Word to the wise: Make sure you can fit any promotion, termination, or layoff type decision into the guidelines set forth above.

May 2012 Compliance and Culture Newsletter

May 1, 2012 1 comment

“Stay current on your HR game. Just when you think you are winning the rat race, along comes faster rats.” —Alan Collins, Author, Unwritten HR Rules

This issue discusses:

  • Editor’s Column: Four Big Questions
  • What Employment Lawyers Are Learning
  • New ADEA Regulations Focus on ‘Reasonable Factors Other Than Age’ Defense
  • Who Owns Employees’ Social Media Accounts?
  • HR: Getting Paid
  • Temporary Workers, Temporary Risks
  • Training Alone Doesn’t Meet FLSA ‘Learned Professional’ Exemption
  • What’s the Verdict on Your Wellness Plan?

We have also provided you with the Form of the Month.

Please click here to view the newsletter in PDF.

Editor’s Column: Four Big Questions

During a recent webinar, I asked four polling questions. The responses reveal a lot about what’s going on at companies today.

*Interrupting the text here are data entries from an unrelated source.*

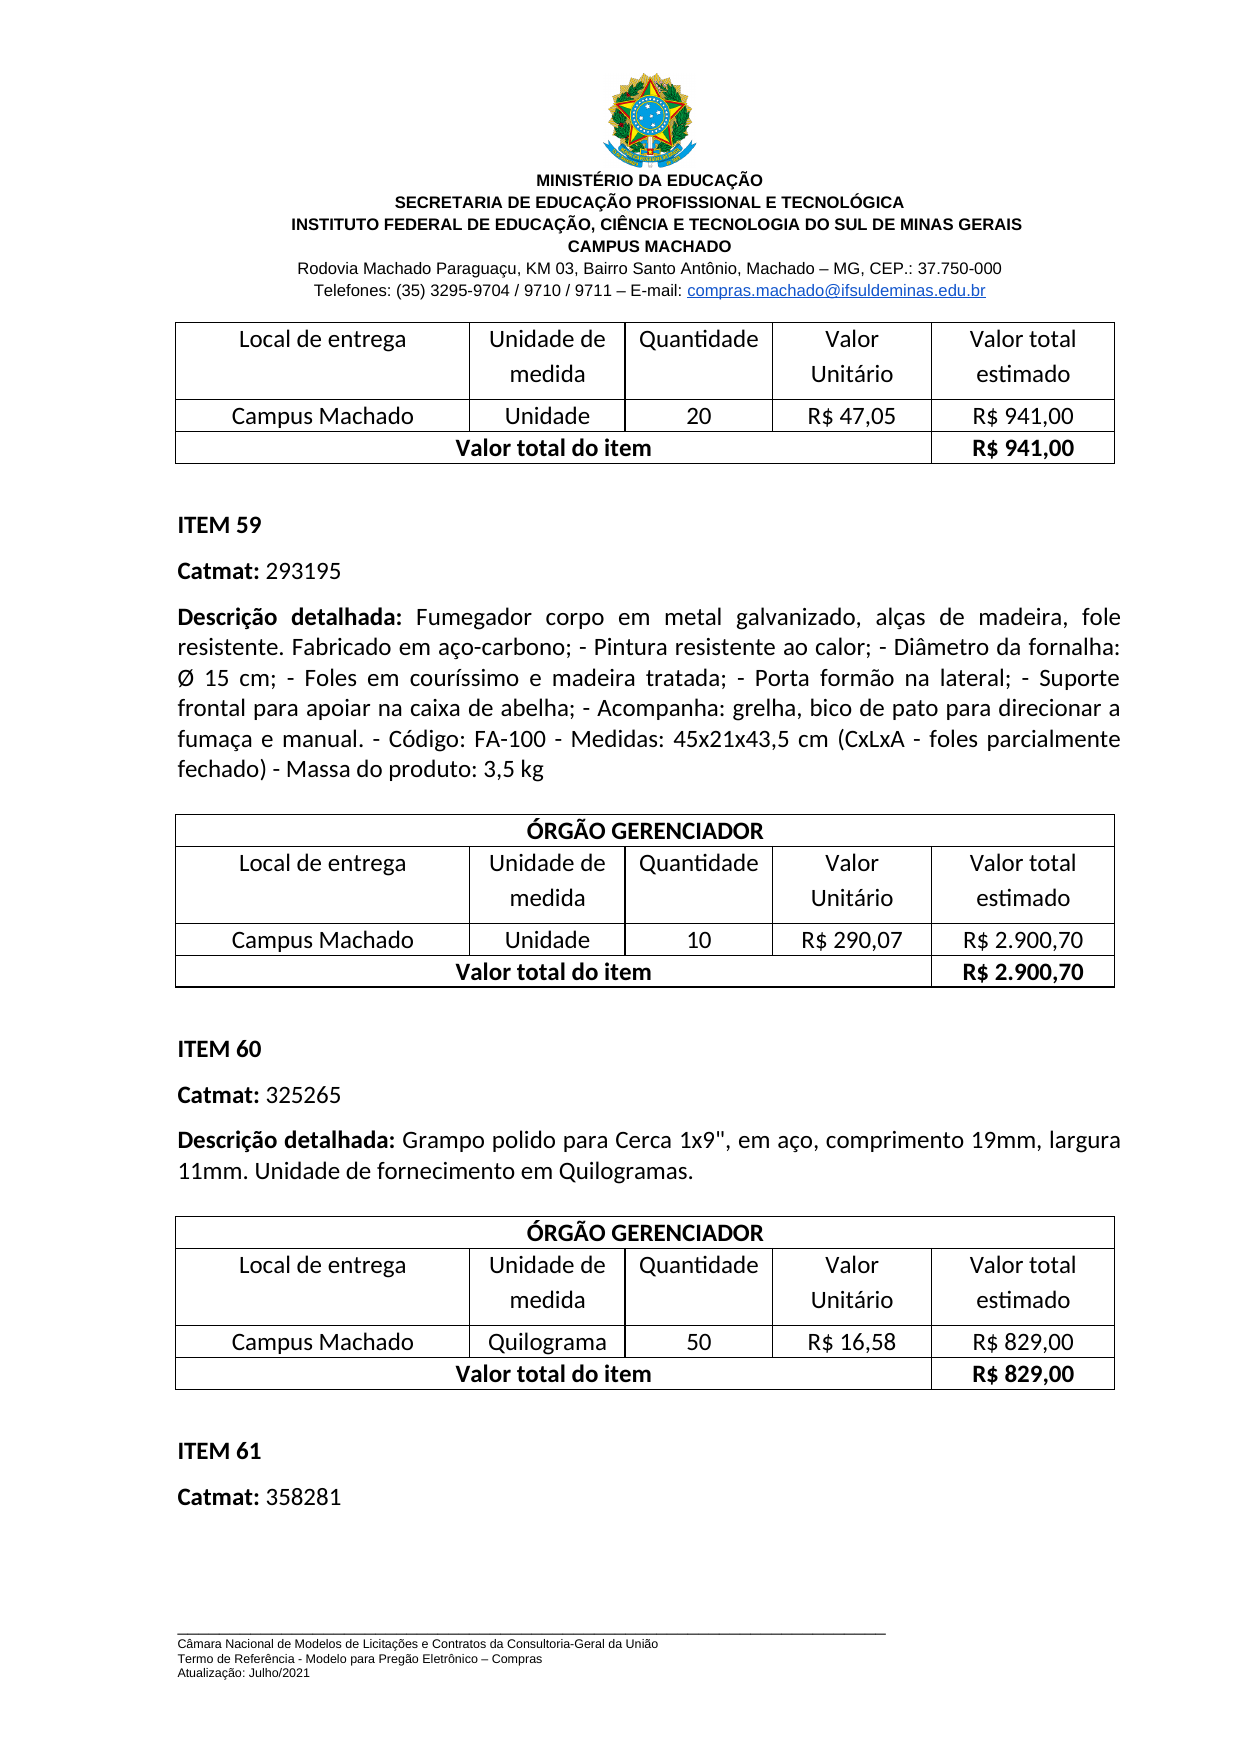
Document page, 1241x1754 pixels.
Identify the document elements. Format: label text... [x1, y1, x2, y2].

table_cell Local de entrega [176, 323, 469, 399]
text ITEM 59 [177, 509, 1122, 540]
table_cell Valor total do item [176, 432, 931, 462]
table_cell R$ 16,58 [773, 1326, 931, 1357]
table_cell R$ 2.900,70 [932, 956, 1114, 986]
table_cell Unidade [470, 924, 624, 955]
table_cell Valor total do item [176, 956, 931, 986]
table_cell Quantidade [626, 323, 772, 399]
table_cell Local de entrega [176, 847, 469, 923]
table_cell Campus Machado [176, 1326, 469, 1357]
text Descrição detalhada: Grampo polido para Cerca 1x9", em aço, comprimento 19mm, largura 11mm. Unidade de fornecimento em Quilogramas. [177, 1125, 1122, 1186]
table_cell 50 [626, 1326, 772, 1357]
table_cell Valor total estimado [932, 323, 1114, 399]
table_cell Valor total estimado [932, 1249, 1114, 1325]
table_cell R$ 290,07 [773, 924, 931, 955]
table_cell Valor total do item [176, 1358, 931, 1388]
picture [643, 163, 658, 168]
table_cell R$ 47,05 [773, 400, 931, 431]
table_header ÓRGÃO GERENCIADOR [176, 1217, 1114, 1248]
table_header ÓRGÃO GERENCIADOR [176, 815, 1114, 846]
table_cell Valor Unitário [773, 323, 931, 399]
table_cell Quilograma [470, 1326, 624, 1357]
table_cell Valor Unitário [773, 847, 931, 923]
table_cell Quantidade [626, 847, 772, 923]
table_cell Quantidade [626, 1249, 772, 1325]
table_cell Unidade de medida [470, 323, 624, 399]
text ITEM 61 [177, 1435, 1122, 1466]
table_cell Valor Unitário [773, 1249, 931, 1325]
table_cell Valor total estimado [932, 847, 1114, 923]
table_cell 20 [626, 400, 772, 431]
text Descrição detalhada: Fumegador corpo em metal galvanizado, alças de madeira, fole resistente. Fabricado em aço-carbono; - Pintura resistente ao calor; - Diâmetro da fornalha: Ø 15 cm; - Foles em couríssimo e madeira tratada; - Porta formão na lateral; - Suporte frontal para apoiar na caixa de abelha; - Acompanha: grelha, bico de pato para direcionar a fumaça e manual. - Código: FA-100 - Medidas: 45x21x43,5 cm (CxLxA - foles parcialmente fechado) - Massa do produto: 3,5 kg [177, 601, 1122, 784]
text Catmat: 358281 [177, 1481, 1122, 1511]
table_cell R$ 829,00 [932, 1358, 1114, 1388]
table_cell Campus Machado [176, 400, 469, 431]
table_cell R$ 2.900,70 [932, 924, 1114, 955]
table_cell R$ 829,00 [932, 1326, 1114, 1357]
text Catmat: 293195 [177, 555, 1122, 585]
table_cell R$ 941,00 [932, 400, 1114, 431]
table_cell Unidade [470, 400, 624, 431]
table_cell Unidade de medida [470, 1249, 624, 1325]
table_cell Unidade de medida [470, 847, 624, 923]
table_cell R$ 941,00 [932, 432, 1114, 462]
table_cell Campus Machado [176, 924, 469, 955]
text ITEM 60 [177, 1033, 1122, 1064]
table_cell Local de entrega [176, 1249, 469, 1325]
picture [669, 149, 680, 155]
text Catmat: 325265 [177, 1079, 1122, 1109]
table_cell 10 [626, 924, 772, 955]
picture [603, 73, 697, 168]

1. Do you conduct traditional performance appraisals?
75% Yes / 25% No

Let me begin by saying I’m not a big fan of traditional performance appraisals. I believe that most companies continue to do them because they can’t think of an alternative. I have dug into performance management over the years and I agree with Dr. Deming, who stated that performance evaluations are more destructive to performance than beneficial. From a former trial lawyer’s perspective, they do little to protect a company when it comes to wrongful termination claims. Why don’t they work?

  • Nobody likes to give them or likes to get them.
  • All anybody really wants to know is if they’re getting a raise.
  • If somebody gets a poor performance rating, it’s probably a management problem and not an employee problem.
  • They’re too late — like telling a kid in December that they didn’t clean up their room in February.
  • They’re never done honestly. Managers tend to slide to the comfortable middle or use evaluations as a tool of retribution and manipulation.
  • Most importantly, they don’t improve performance. When I’ve surveyed employees and conducted focus groups, I’ve been told that what does improve performance is the dialogue entered into with the manager during the process. As I have preached, this dialogue should be an ongoing process and not a once a year event. Employees should know where they stand at all times.

What should you do instead? Start by making it a workshop for your entire company. What do the employees like about your current performance management process? What don’t they like? What would they like to see done instead? How can you present the performance management approach as something created through agreement?

Then make sure your process can answer the two most important questions of performance management:

  • What are the most important things we do every day?(you’d be amazed at the variance in answers to that question)
  • How do we know if we’re doing our jobs well without having to ask or without having to be told? (because we understand the benchmarks of quality so well)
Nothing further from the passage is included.